I would suggest asking for a foot rub since you are pregnant and carrying alot of extra everything around. If you dont like foot rubs, ask him to rub your legs or something you are comfortable with. Use it as your mini warm up. Ask him to rub a little higher until he is right near "there" and then start to tell him how good that feels. SOunds like you dont have much of a problem compared to others (including myself) here. But, that being said, it feels like a huge problem for you and your circumstances. this should be easy to help for now. After you get your body back later... and want to resume or start other things with him... try different positions that dont crush your belly There are alot of them... spooning, you lay on your back at an angle to him as he lays on his side and you drape your legs up over his hip area... that would be good during pregnancy too! You on top, reverse on top, sitting facing each other while you lean back on your hands and straddle him. So many I didnt know about during my first marriage... my ex didnt know them either. maybe we would have had more sex if we had known them.

Good luck and enjoy your pregnancy!


----------



## Enchantment (May 11, 2011)

Hi Lizzie ~

Have you ever considered marriage counseling - getting a more objective third-party to help you two so that you can learn how to better communicate with each other and understand what is important to each of you?

It sounds like your H may be a selfish lover, but how do you go about communicating the things that you would like? Can you whisper in his ear - 'hey, i really love when you ...'? Can you help direct his hands?
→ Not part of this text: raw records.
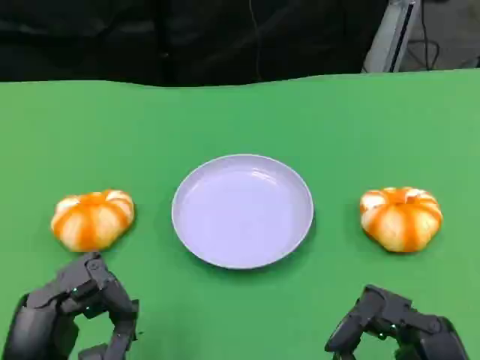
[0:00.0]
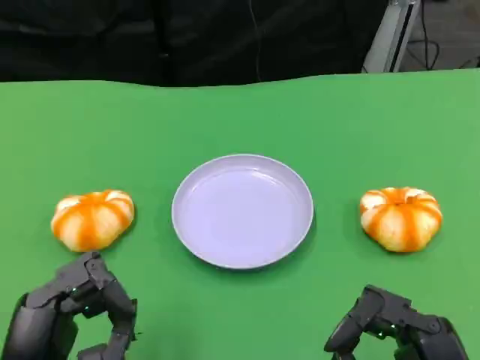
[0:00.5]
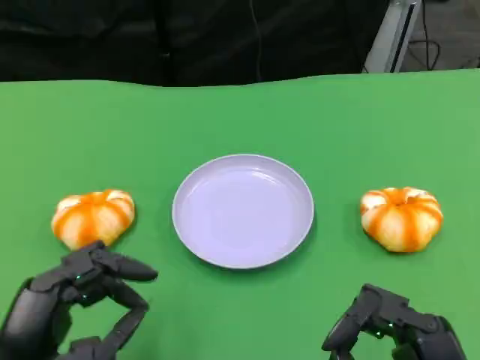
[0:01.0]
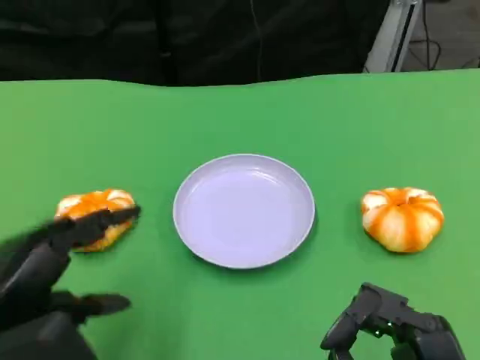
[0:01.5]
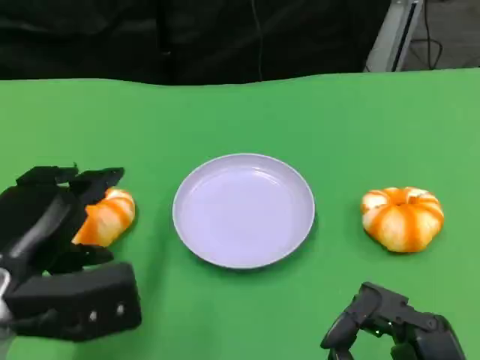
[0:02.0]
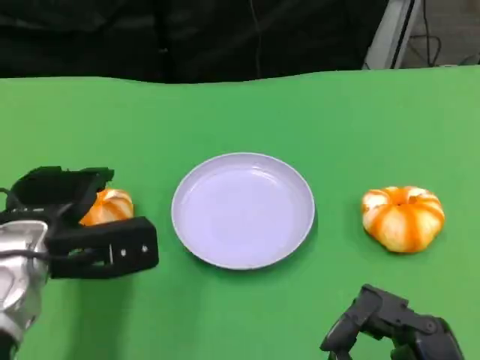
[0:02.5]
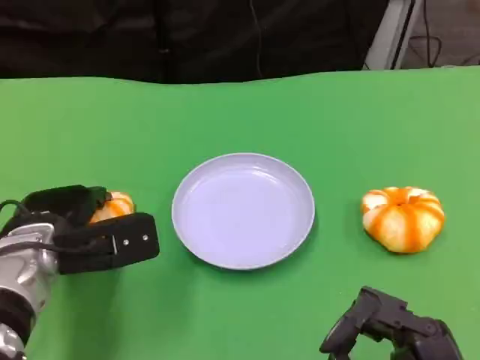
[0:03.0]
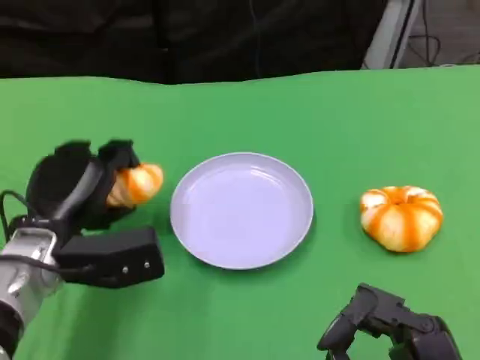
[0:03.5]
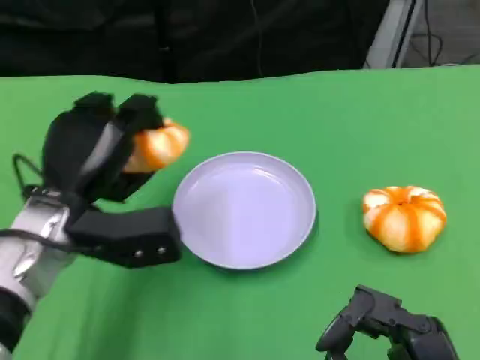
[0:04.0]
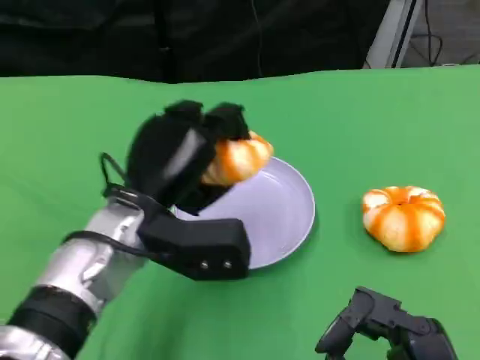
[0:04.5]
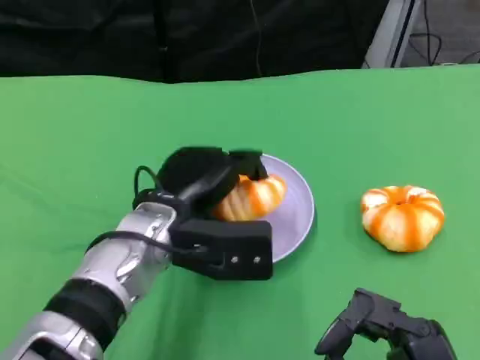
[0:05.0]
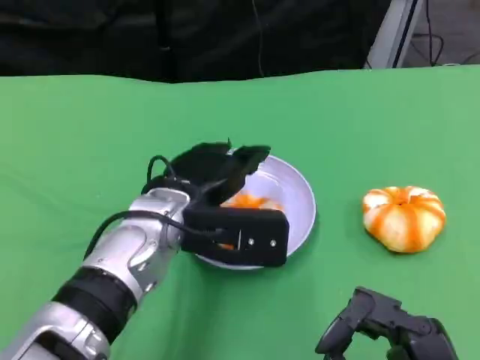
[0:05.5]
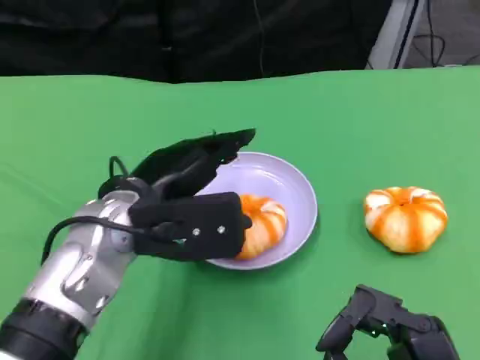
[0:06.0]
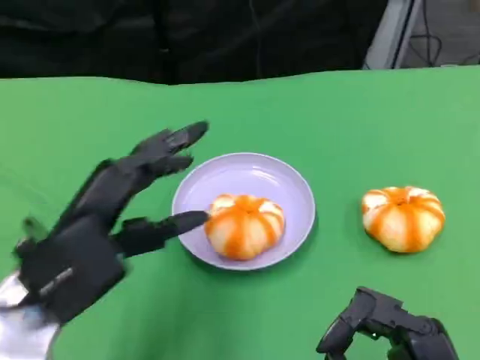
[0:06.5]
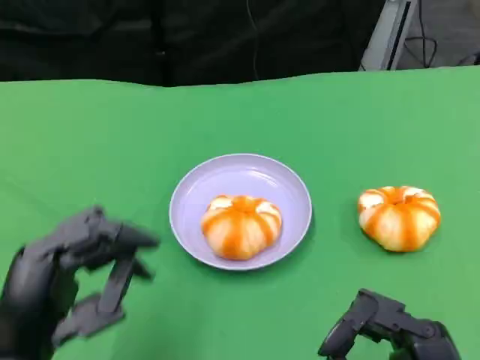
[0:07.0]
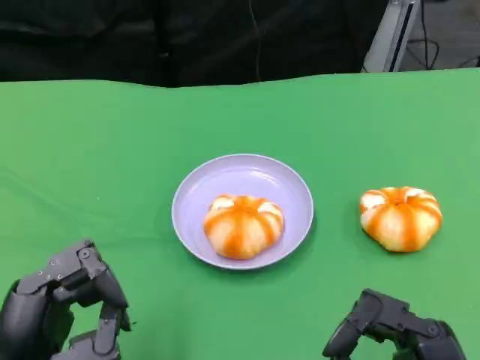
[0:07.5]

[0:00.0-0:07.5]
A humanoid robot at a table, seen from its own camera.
Task of the whole recording: Grasp the bread from the table and place it into the plate.
0:00.0 to 0:02.0: The left hand heads forward, covering roughly 10 cm.
0:02.0 to 0:04.0: The left hand shifts roughly 10 cm forward and to the right.
0:04.0 to 0:05.5: The left hand is displaced to the right by some 10 cm.
0:05.5 to 0:07.5: The left hand goes approximately 20 cm backward and to the left.

Each person is a participant in sex, and as such you also have some measure of control over the pace that gets set. If you don't like the pace, then try and slow him down - ask him or tell him or show him what you would like him to do. And you can do it in a kind of sexy, sultry way so that it becomes part of the lovemaking - so that he doesn't end up feeling like an inept lover and get his ego bruised.
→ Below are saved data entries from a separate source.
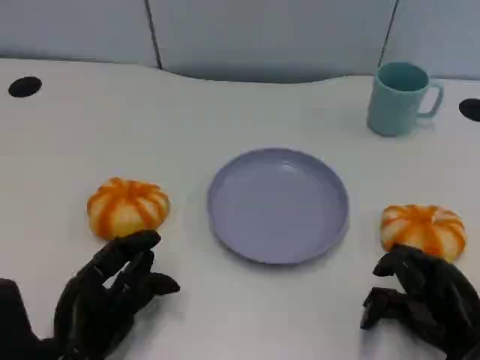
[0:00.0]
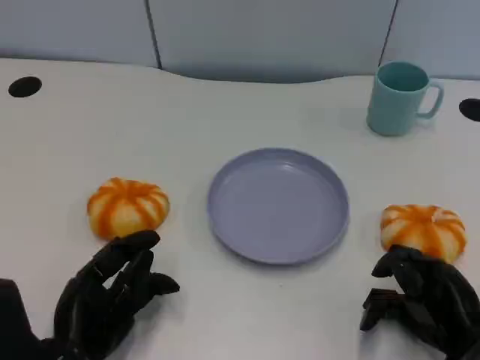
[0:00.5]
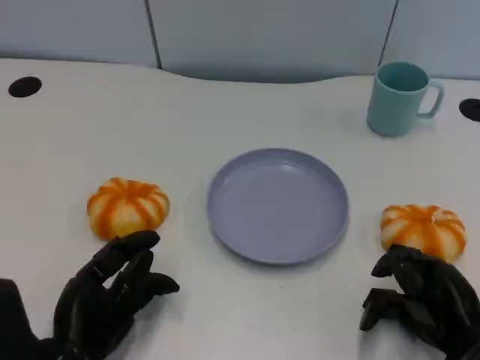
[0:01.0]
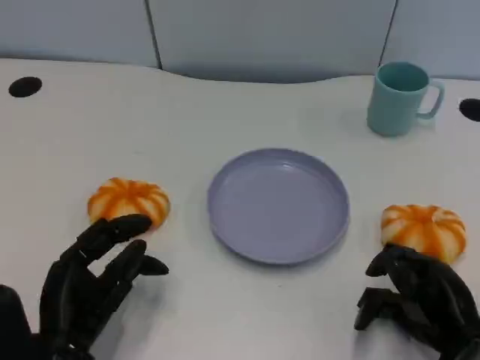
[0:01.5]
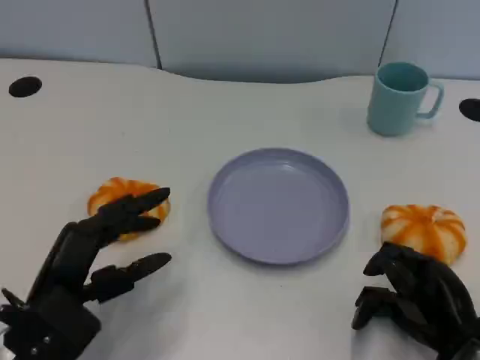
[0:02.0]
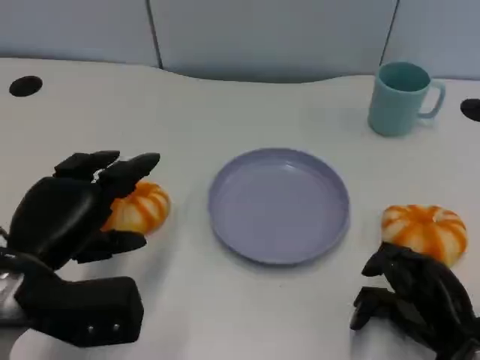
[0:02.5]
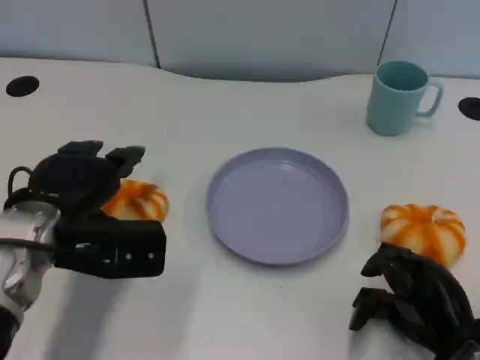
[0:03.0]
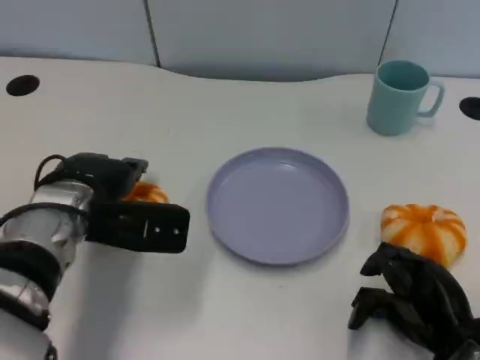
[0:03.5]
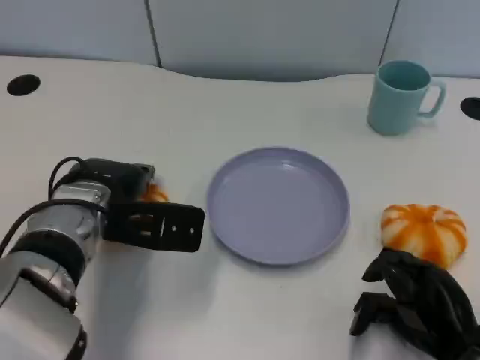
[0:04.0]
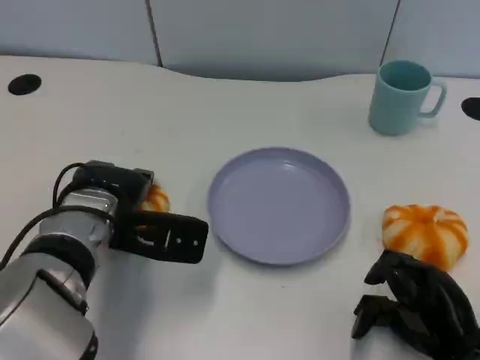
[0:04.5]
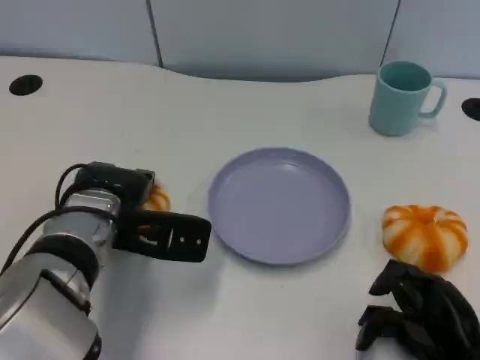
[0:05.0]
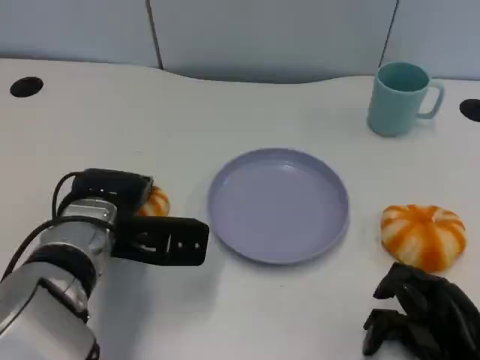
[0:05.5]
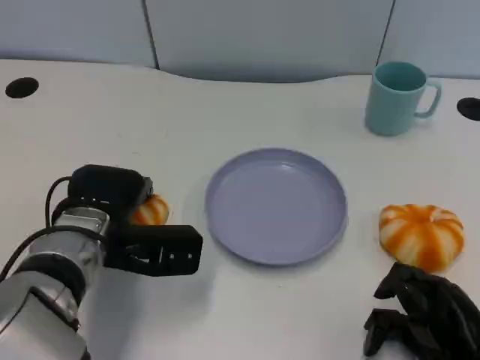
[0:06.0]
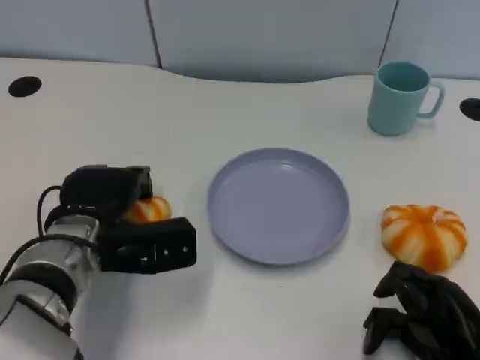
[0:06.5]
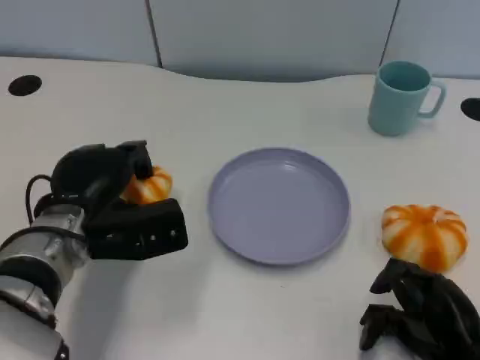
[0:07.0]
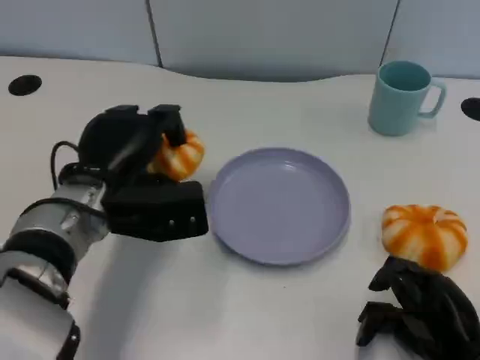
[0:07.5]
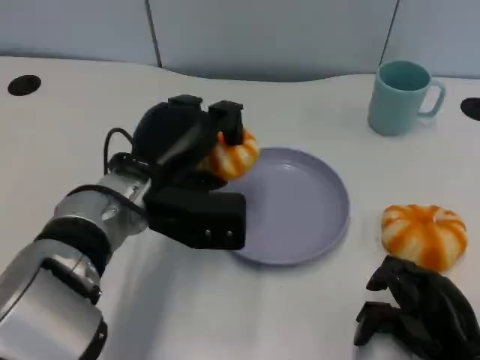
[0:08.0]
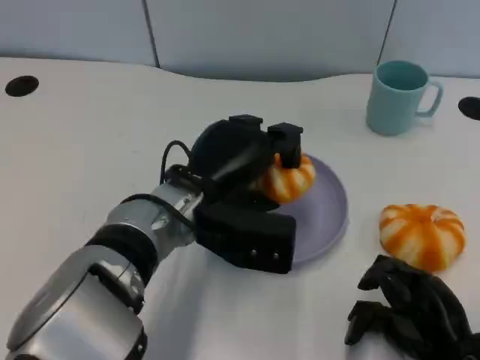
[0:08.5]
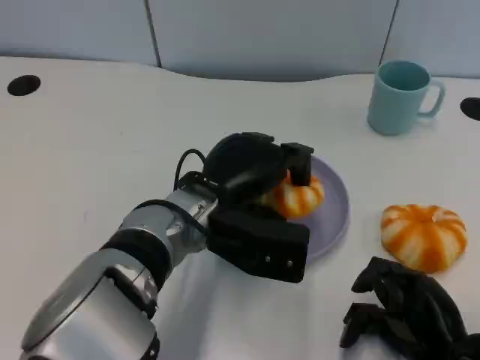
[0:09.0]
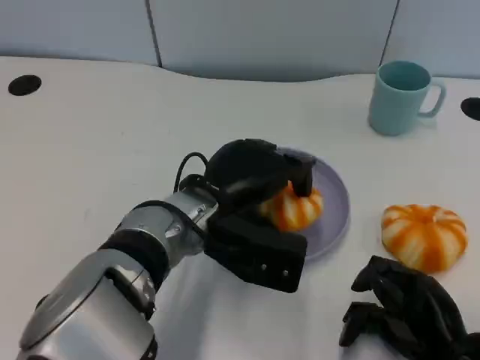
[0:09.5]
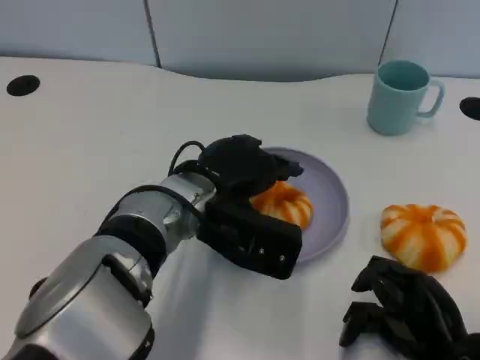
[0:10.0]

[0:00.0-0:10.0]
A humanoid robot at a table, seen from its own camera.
Task of the whole recording: Grasp the bread from the table and place it into the plate.
0:00.0 to 0:02.0: The left hand changes place by some 5 cm.
0:02.0 to 0:04.0: The left hand travels forward and to the right by some 15 cm.
0:04.0 to 0:06.0: The hands move only a little.
0:06.0 to 0:08.0: The left hand moves to the right, about 5 cm.

How do you go about meeting some of the things that he desires outside of the bedroom? Do you tell him that you appreciate him (and do you appreciate him?) Do you tell him that you respect him (and do you respect him)? Do you think he feels like he's someone very important and special to you, or do you think that he may feel inadequate and not much of a priority to you?

And positions where he enters you from behind are good during pregnancy and when there's a bit of extra 'frontage' on the man.

Best wishes.


----------